Better Outcomes of Erythropoietic Protoporphyria Seen With Afamelanotide Use

By Will Boggs MD

March 30, 2020

NEW YORK (Reuters Health) - Afamelanotide treatment is associated with improved clinical outcomes and quality of life in patients with erythropoietic protoporphyria (EPP), according to a Dutch study.

"Offer this to your patients when financially possible; it is a life changer," Dr. Janneke G. Langendonk of Erasmus MC, University Medical Center, in Rotterdam, told Reuters Health by email.

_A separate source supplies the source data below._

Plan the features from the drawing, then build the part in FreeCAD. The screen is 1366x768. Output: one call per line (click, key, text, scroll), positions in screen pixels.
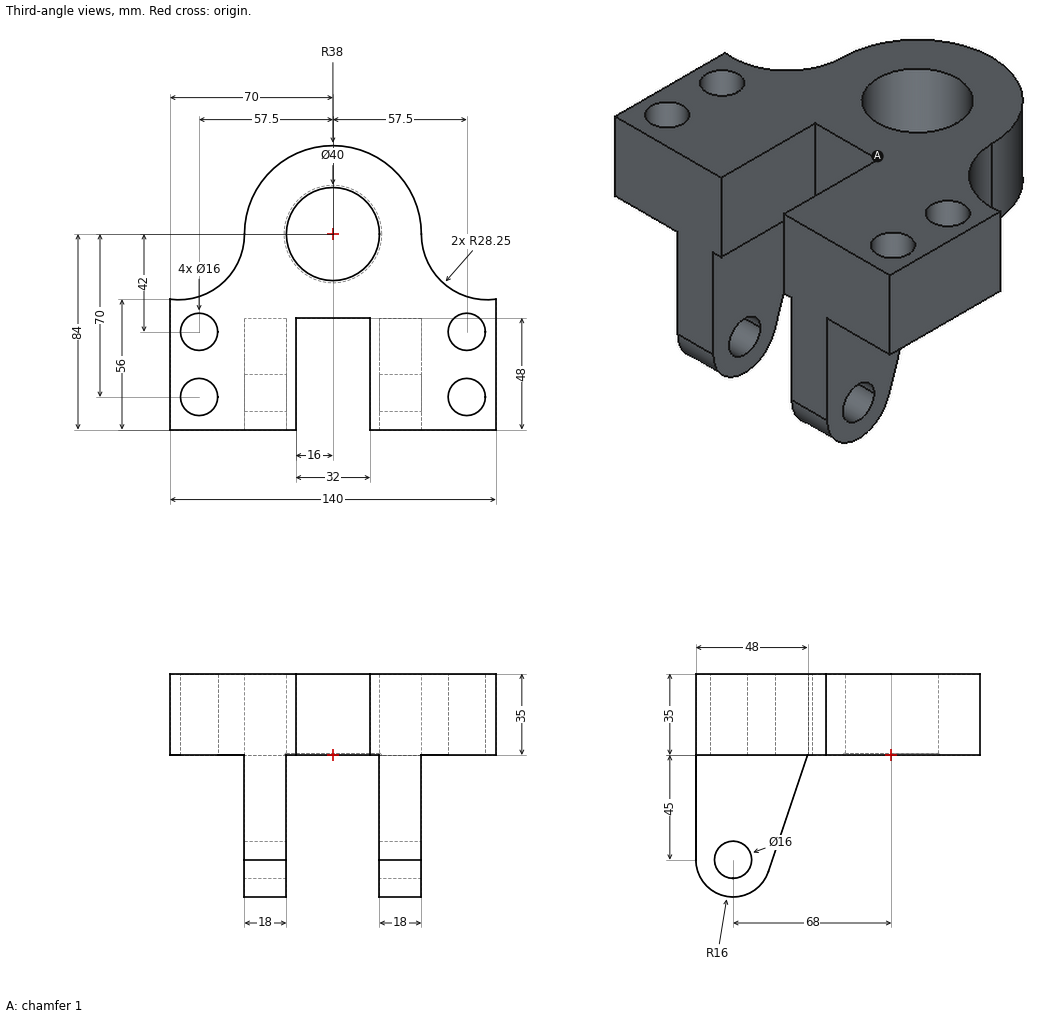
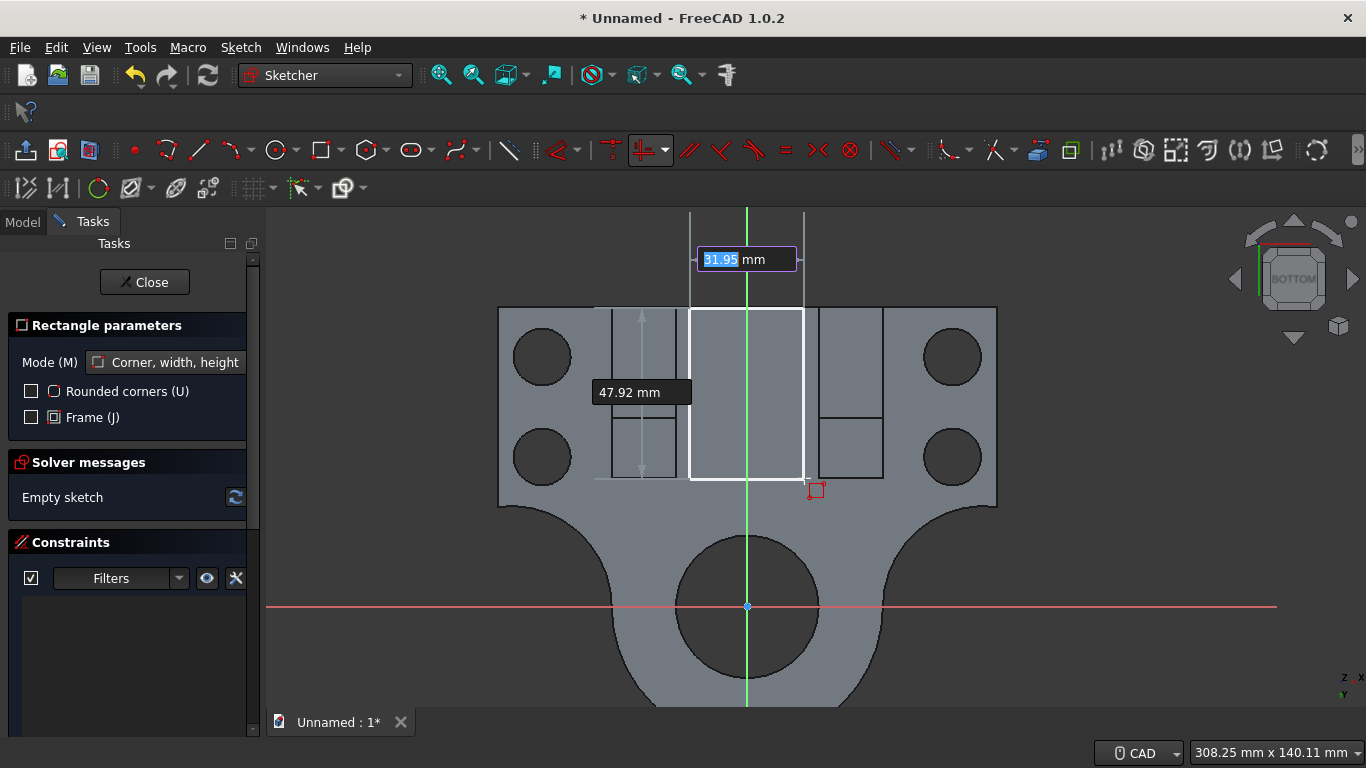
text(32)
key(Tab)
text(48)
key(Return)
key(Escape)
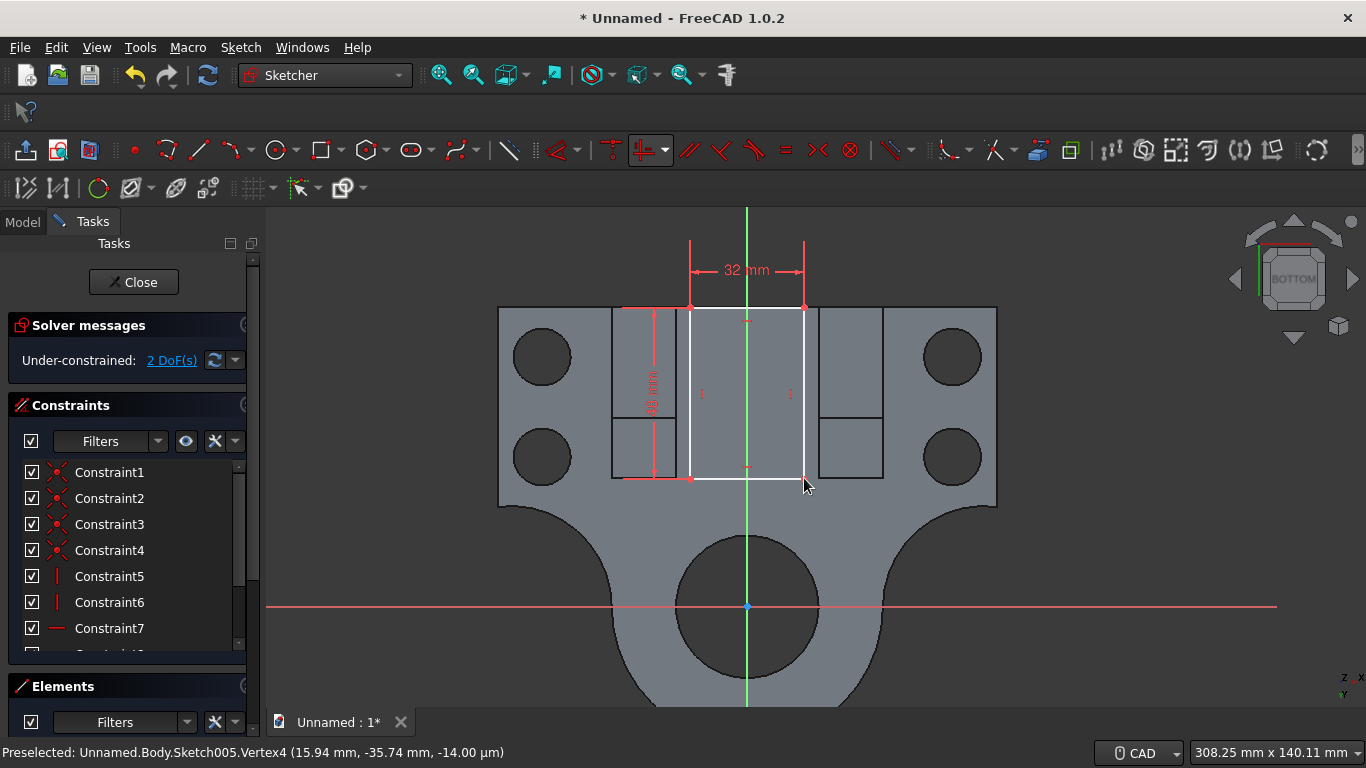
click(556, 150)
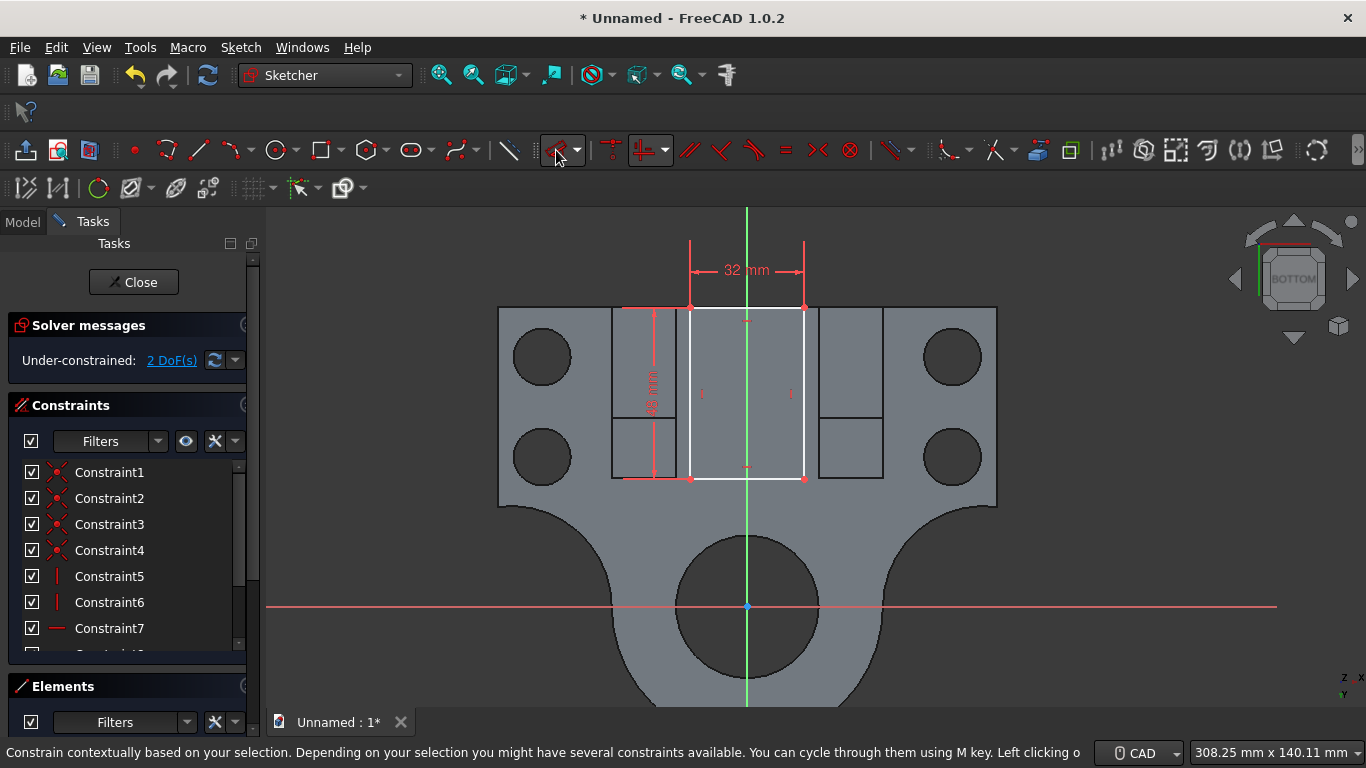
click(690, 308)
click(719, 641)

EPP is a rare inherited disorder of heme biosynthesis resulting from mutations in FECH or ALAS2. It causes painful photosensitivity. Afamelanotide is a potent alpha-melanocyte-stimulating hormone (a-MSH) analog that increases eumelanin and stimulates anti-inflammatory and antioxidative pathways.

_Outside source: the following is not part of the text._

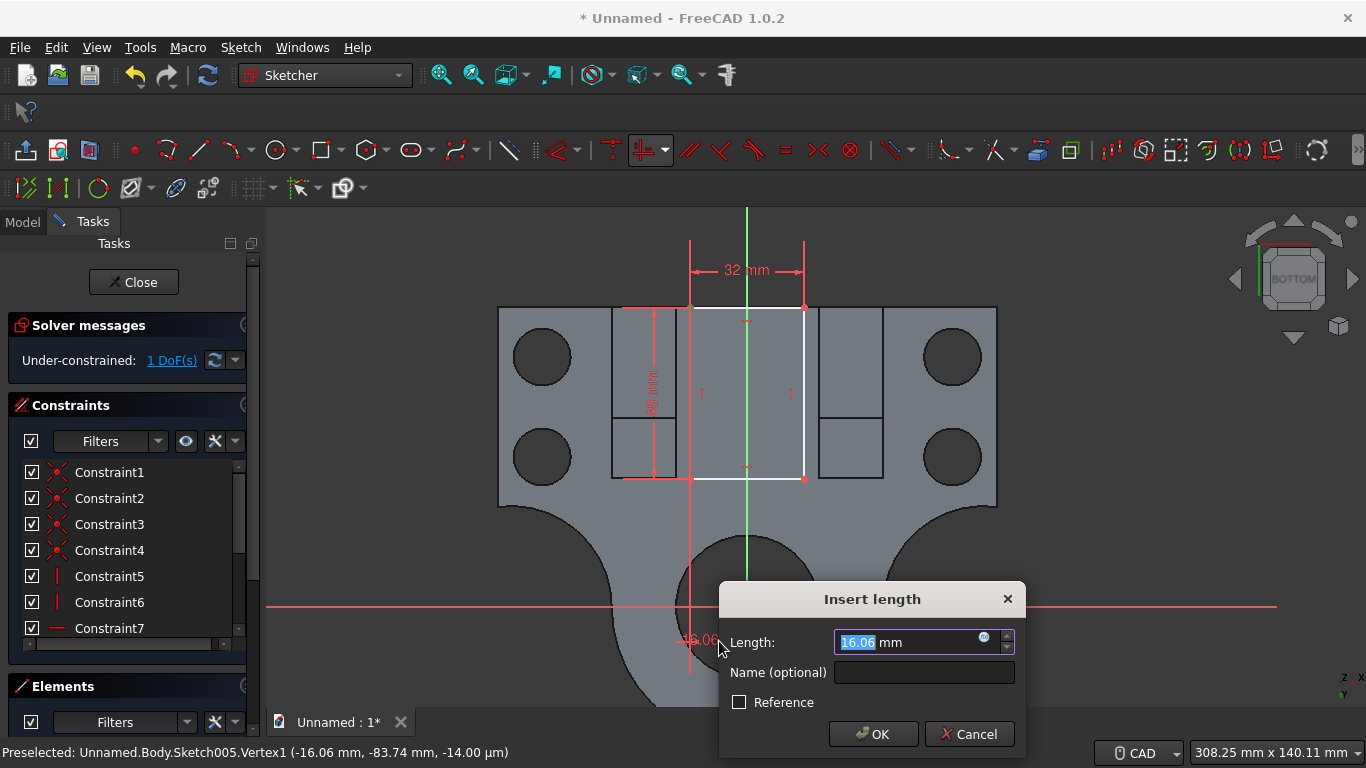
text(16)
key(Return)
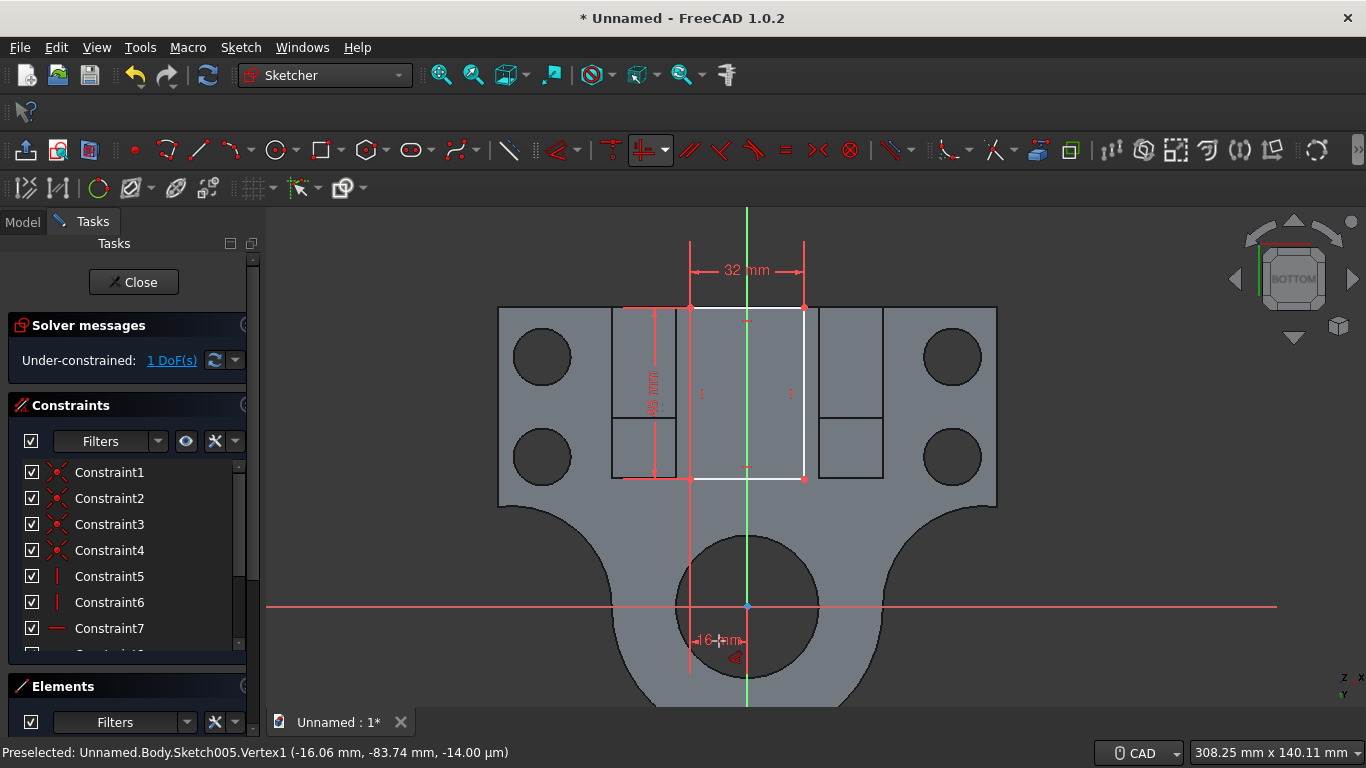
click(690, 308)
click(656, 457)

Dr. Langendonk and colleagues investigated the outcomes of afamelanotide treatment in their single-center, single-arm prospective postauthorization safety and efficacy study of 117 patients with EPP.

Patients received a controlled-release 16-mg subcutaneous implant of afamelanotide with an interval of at least 60 days and a maximum of four implants per year.

In week 1, time spent outside rose a mean 1.85 hours per week with afamelanotide (P=0.06). By week 5, time spent outside had increased an average of 6.14 hours per week (P<0.001).

Time spent outside increased an average of 1.4 hours per week per year on treatment (P=0.04), the researchers report in JAMA Dermatology.

EPP quality-of-life improved by 14% with afamelanotide treatment, an improvement that increased with patient age.

The number of phototoxic reactions initially increased during afamelanotide treatment but decreased thereafter as patients tried to identify their new light-exposure limit.

The most common adverse events were nausea, fatigue/malaise, flushing and nausea with headache, all of which were self-limiting with a mean duration of one to two days directly after implantation. There were no treatment-related serious adverse events.

Responses to therapy varied considerably between individual patients, and the current recommended dosing schedule of afamelanotide was insufficient for several patients.

"Erythropoietic protoporphyria is not cured by afamelanotide, and despite the improvement, sunlight exposure restrictions remain," the authors note.

"New and other a-MSH analogues should not be studied in placebo-controlled trials; that is cruel!" Dr. Langendonk said. "It should be head-to-head trials."

Dr. Manisha Balwani of Icahn School of Medicine at Mount Sinai, in New York City, who studies porphyria but was not involved in the new work, told Reuters Health by email, "The most interesting finding is that patients responded to the drug regardless of baseline disease severity and that the effects improved over years of treatment."

"Afamelanotide does not address the elevated protoporphyrin level or the ferrochelatase-enzyme deficiency," she explained. "It does not have any impact on liver disease in EPP."

"There is a lot of clinical variability in EPP, and each patient will respond differently," Dr. Balwani said. "The patients who have the mildest disease manifestations at baseline will be most likely to have the best response."

Afamelanotide was approved by the European Medicines Agency in 2016 and by the U.S. Food and Drug Administration in 2019.

Dr. Langendonk and two of his coauthors report financial ties to Clinuvel Pharmaceuticals, which markets afamelanotide as Scenesse.